El mañana de las bitácoras
Valoración del futuro de nuestros pequeños diarios · DialBit
Mientras siguen llegando opiniones de otra bitácoras, ha llegado el momento de ofrecer también nuestro propio punto de vista al tema de la quincena. El fenómeno de las bitácoras no para de crecer, y lo hace, además, en muchos campos: educación, ciencia, noticias, internet… Si las bitácoras no hubieran introducido cambios significativos, tampoco existirían los metablogs. Las bitácoras personales son también un fenómeno nuevo: lo que antes se escribía sólo para los ojos de su autor puede ahora ser leído por cualquiera, lo que modifica oposiciones como la de privado/público, sobre todo por la condición excepcional del anonimato. La complejidad del problema hace que sea difícil dar un sólo dictamen. Pero, dejando esto al margen, hay dos espacios, creo, en los que las bitácoras (y otro tipo de publicaciones en general) pueden pasar a jugar un papel importante: me refiero al periodismo y a la educación.

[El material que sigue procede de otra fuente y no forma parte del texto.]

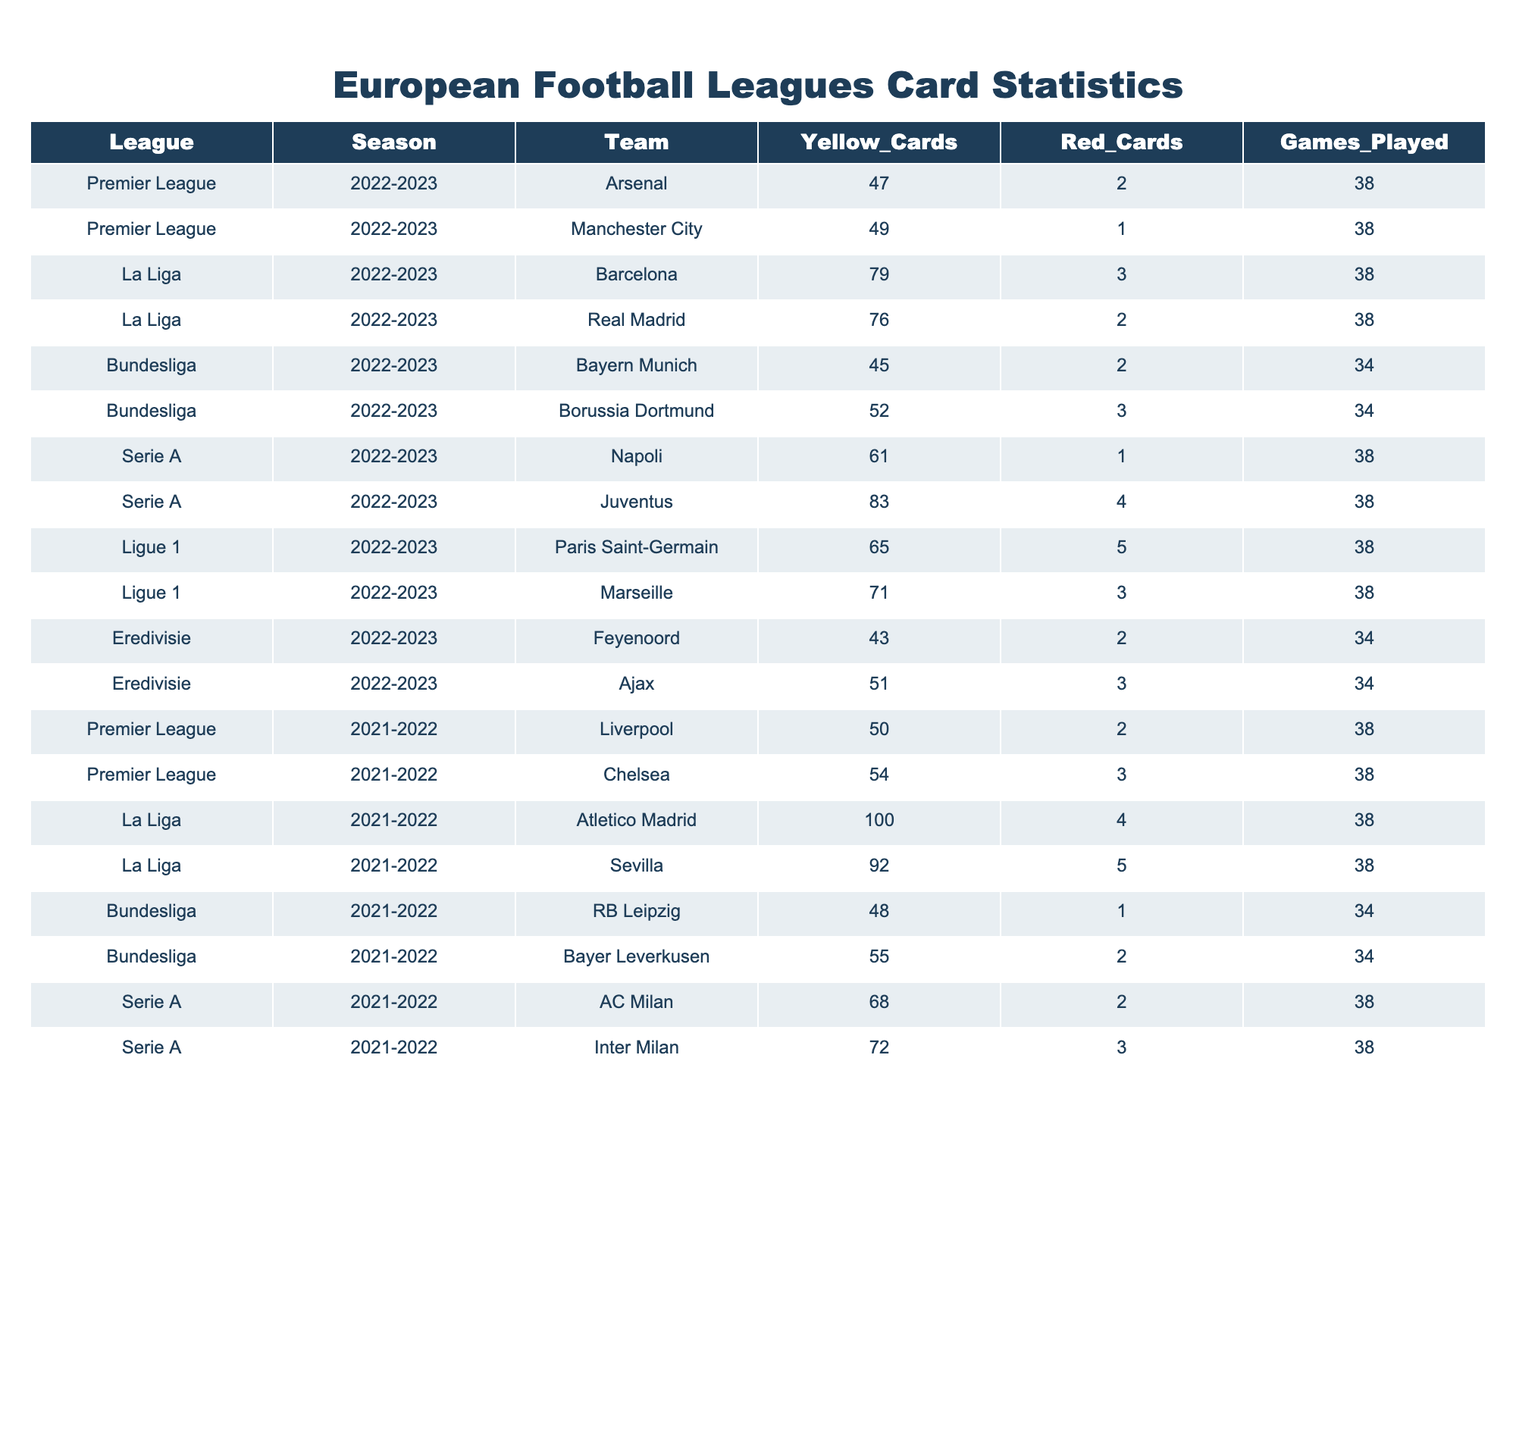What team received the most yellow cards in the Premier League for the 2022-2023 season? Arsenal received 47 yellow cards while Manchester City received 49. Therefore, the team with the most yellow cards is Manchester City.
Answer: Manchester City What is the total number of red cards issued in La Liga for the 2021-2022 season? Atletico Madrid issued 4 red cards, Sevilla issued 5 red cards, making a total of 4 + 5 = 9 red cards.
Answer: 9 Which team in Serie A had the highest number of combined yellow and red cards in the 2022-2023 season? Juventus received 83 yellow cards and 4 red cards, totaling 83 + 4 = 87. Napoli received 61 yellow cards and 1 red card, totaling 61 + 1 = 62. Thus, Juventus had the highest combined total with 87.
Answer: Juventus Which league had the highest average number of yellow cards per game in the 2022-2023 season? In La Liga, Barcelona had 79 yellow cards in 38 games (average 79/38 ≈ 2.08) and Real Madrid had 76 yellow cards (average 76/38 ≈ 2.0). In the Premier League, Arsenal had 47 (average 47/38 ≈ 1.24) and Manchester City had 49 (average 49/38 ≈ 1.29). Calculating all averages reveals that La Liga's average (≈ 2.04) is higher than the Premier League (≈ 1.26).
Answer: La Liga Did any team in the Bundesliga have more red cards than yellow cards in the 2021-2022 season? RB Leipzig had 1 red card and 48 yellow cards, and Bayer Leverkusen had 2 red cards and 55 yellow cards. In both cases, red cards were fewer than yellow cards. Therefore, no team had more red cards than yellow cards.
Answer: No What is the difference in the number of yellow cards received by Atletico Madrid and Sevilla in the 2021-2022 season? Atletico Madrid received 100 yellow cards, while Sevilla received 92 yellow cards. The difference is 100 - 92 = 8.
Answer: 8 Which team in Ligue 1 had the fewest yellow cards during the 2022-2023 season? Paris Saint-Germain received 65 yellow cards and Marseille received 71 yellow cards. Therefore, Paris Saint-Germain had the fewer yellow cards.
Answer: Paris Saint-Germain What is the total number of yellow cards received by Bayern Munich and Borussia Dortmund in the Bundesliga for the 2022-2023 season? Bayern Munich received 45 yellow cards and Borussia Dortmund received 52 yellow cards. Adding these gives 45 + 52 = 97 yellow cards.
Answer: 97 Which team had the highest number of games played with red cards in the Eredivisie during the 2022-2023 season? Feyenoord had 2 red cards in 34 games, while Ajax had 3 red cards in 34 games. Both teams played the same number of games, but Ajax had more red cards.
Answer: Ajax Were there any teams in the Serie A for the 2021-2022 season that received more than 3 red cards? AC Milan received 2 red cards and Inter Milan received 3 red cards. Since neither team exceeded 3 red cards, the answer is no.
Answer: No 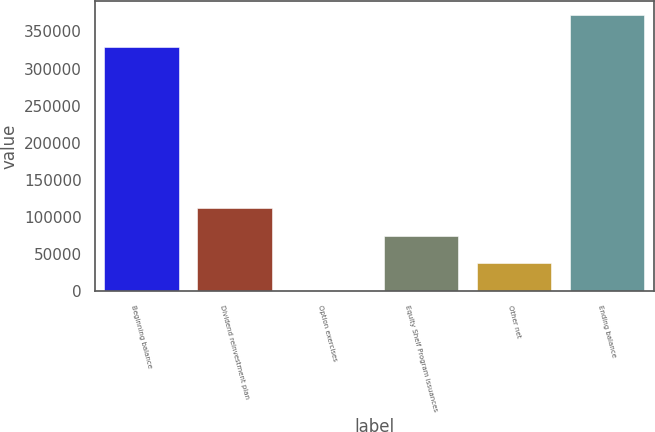Convert chart to OTSL. <chart><loc_0><loc_0><loc_500><loc_500><bar_chart><fcel>Beginning balance<fcel>Dividend reinvestment plan<fcel>Option exercises<fcel>Equity Shelf Program issuances<fcel>Other net<fcel>Ending balance<nl><fcel>328790<fcel>111970<fcel>643<fcel>74860.8<fcel>37751.9<fcel>371732<nl></chart>

Hace unos días, conocí el trabajo de Aula de Historia, y me resultó revelador: ¿por qué no seguir el trabajo cotidiano de un alumno a través de su bitácora personal? ¿Por qué no recoger el trabajo que se realiza con toda una clase a través de un diario de a bordo virtual, en el que, además, se vaya poniendo a disposición de los alumnos enlaces con un alto interés educativo? Al margen de la infraestructura necesaria para llevar a cabo esto, hay que decir que, a priori, la actividad parece prometedora. No sólo conseguimos, una vez más, compaginar el uso de las nuevas tecnologías con las mal llamadas asignaturas “de letras”, sino que además, ponemos al alumno en contacto con una nueva herramienta, que deberá aprender a manejar. Y no es sólo, el funcionamiento de la bitácoras, sino también el funcionamiento de un buscador. Si un alumno aprende a escribir sus propias anotaciones, aprenderá necesariamente a navegar con un mínimo criterio, y a filtrar la información. Además, la interactividad que se puede crear gracias a los comentarios puede añadir aún más valor a la actividad. Todo un campo, en el que, sin lugar a dudas, tenemos que seguir trabajando.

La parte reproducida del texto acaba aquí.